This is yet another tutorial on microbial genome assembly. This is actually the Part 2 of tutorial series: NGS Workflow for Genome Assembly to Annotation for Hybrid Bacterial Data 

In this series we’ll be use hybrid sequencing data (Illumina and Nanopore). This tutorial has five parts. 

Part 1: Downloading and preparing data

Part 2: Assembly with short-reads.

Part 3: Assembly with long-reads.

Part 4: Hybrid assembly (long- and short-reads).

Part 5: Bacterial genome annotation with Bakta and Beav.

Disclaimer: This post is a work in progress. This is genome assembly and annotation workflow that I use for microbial genomics. Previously, I used this template to teach different class in OSU as well as in other training facilities.


SPAdes is a very good de novo bacterial sequence assembly program. For bacterial genome assembly, it is THE program to rule them all (for short-reads)! It’s a k-mer graphed based tool, that means it generates a graph based on kmers, and from the graph, it create the assembly. Therefore, it’s very good, but it is so resource-hungy (takes lot of RAM), and time-consuming. However, there are some other tools based on SPAdes like Shovill which run faster.

Software Installation

Don’t forget to peruse the user manual for each tools!

conda install bioconda::bbmap
conda install bioconda::fastqc
conda install bioconda::fastp
conda install bioconda::spades
conda install bioconda::bandage

Getting the data-set

Anyway, we need to check the quality of the Illumina reads first.

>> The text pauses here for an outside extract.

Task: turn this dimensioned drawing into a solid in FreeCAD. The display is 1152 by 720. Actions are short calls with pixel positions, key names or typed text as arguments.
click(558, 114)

If you have your own raw-data, you can use that. You can also download some publicly available bacterial genome as mentioned in this post.

If you are just trying to test out the tools without taking long time to run them, you can resample the reads of your fastq files using reformat.sh from bbmap. The following commands will randomly sample 10% reads from both of your fastq files (forward and reverse):

reformat.sh in1=strain1_R1.fq.gz in2=strain1_R2.fq.gz out1=strain1_sampled_R1.fq.gz out2=strain1_sampled_R2.fq.gz samplerate=0.1

Tools and installation

All softwares, if not mentioned, can be found in bioconda and installable by conda.

Determining taxonomy

After getting the raw data, a tool called sendsketch.sh from bbtools is super handy to quickly check taxonomy from the raw fastq files (and the assembled-contigs). It creates a kmer-based hash fingerprints, and compare that with reference databases (and extremely fast)!

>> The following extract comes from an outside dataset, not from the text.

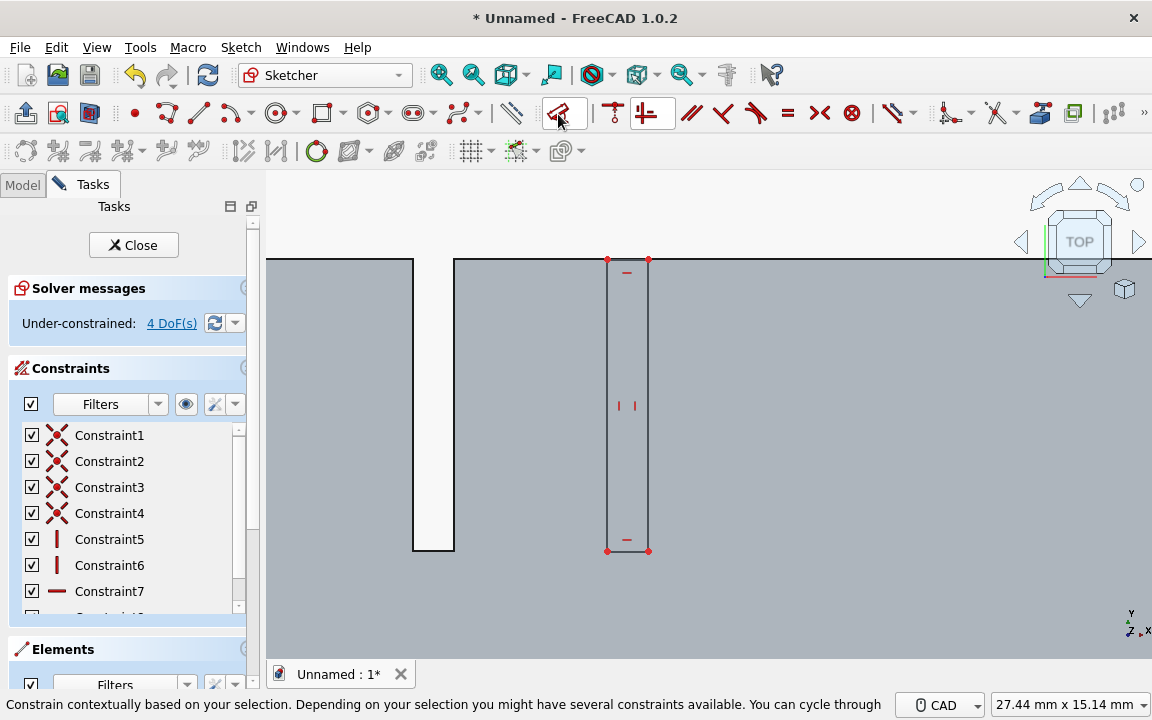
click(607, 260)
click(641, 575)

K-mer sketches are a compact representation of the sequence data and are used for fast comparison and identification.The following script loops through each raw FASTQ file, generates a k-mer sketch using the sendsketch.sh tool, and saves the sketch files. This step is important for identifying and characterizing the samples based on their k-mer profiles.

#!/bin/bash
#unset PYTHONPATH

for infile in `ls -1 ./raw/*.fastq.gz`; do
        dataset=`basename "$infile" | sed 's/.fastq.gz//g'`
        echo -e "$infile $dataset"
        sendsketch.sh -da in=$infile out=./sketches/${dataset}.sketch
done

Once the .sketch files have been generated, we can summarize those using the following script. This is a fast way to characterize the barcoded samples with good confidence.

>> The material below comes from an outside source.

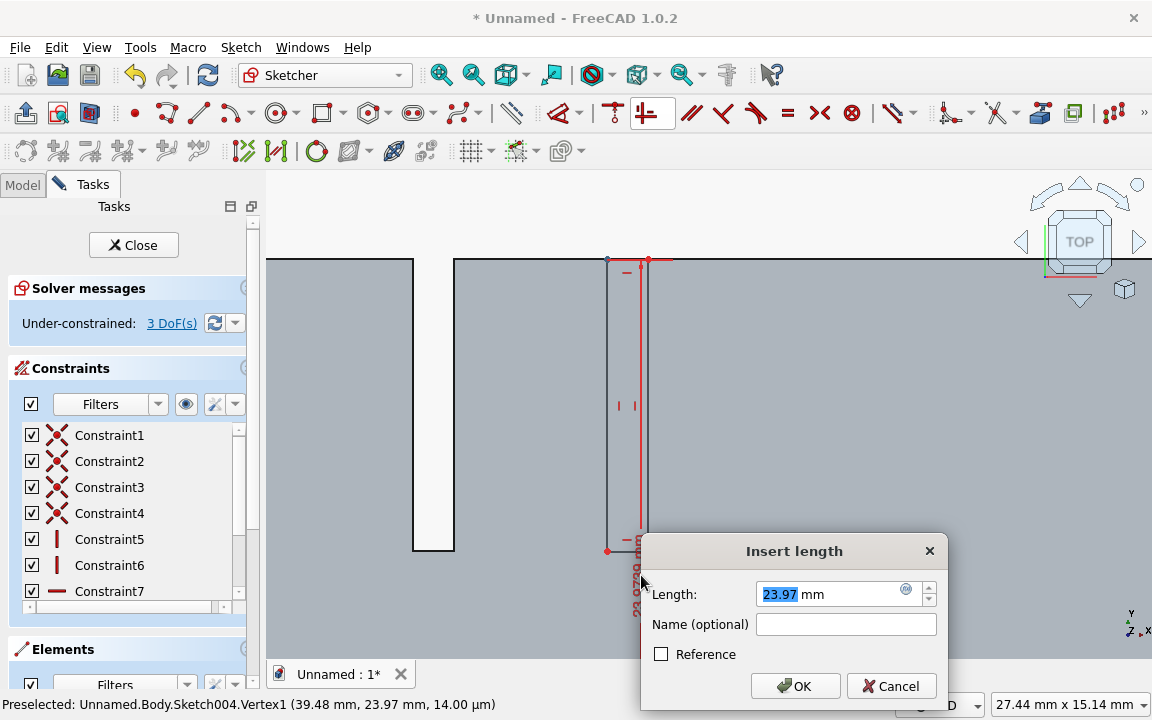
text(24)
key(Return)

To extract relevant information from the generated sketch files and summarize it in a tabular format. This provides a quick overview of the samples’ genome size, average nucleotide identity (ANI), and taxonomic classification.

The script creates a summary file with columns for strain ID, ANI, genome size, and taxonomic name. It extracts these values from the sketch files and appends them to the summary file. This allows for easy comparison and interpretation of the k-mer sketch results.

#!/bin/bash

# Create the header for summary file
echo 'strainID  ANI     gSize   taxName' > sketch_summary.tsv

# Loop through sketch report and extract necessary column from the first hit
for sketch in `ls -d *.sketch`;
do
        strainid=`basename "$sketch" | sed 's/.sketch//g'`
        ani=`tail -n +4 $sketch | head -n 1 | cut -f 3`
        gSize=`tail -n +4 $sketch | head -n 1 | cut -f 10`
        taxa=`tail -n +4 $sketch | head -n 1 | cut -f 12`
        echo "${strainid}       ${ani}  ${gSize}        ${taxa}" >> sketch_summary.tsv
done

Quality-Assessment of FastQ

Normally, we want to visualize the quality of the raw-reads before we start. For that, we can use FastQC:

fastqc strain1_R1.fastq.gz
fastqc strain1_R2.fastq.gz

Or, using bash wildcard:

fastqc *fastq.gz

FastQC produces html report of the raw-reads. It’s a good idea to process the raw reads further, and remove any adapter sequences. For example, we can use another program names FastP to pre-process the reads further for assembly. We can remove any reads which has overall quality below some threshold:

fastp -i strain1_R1.fastq.gz -I strain1_R1.fastq.gz -o strain1_R1.fastp.fastq.gz -O strain1_R2.fastp.fastq.gz -e 28

Notice, the fastp outputs has fastp.fastq.gz suffix.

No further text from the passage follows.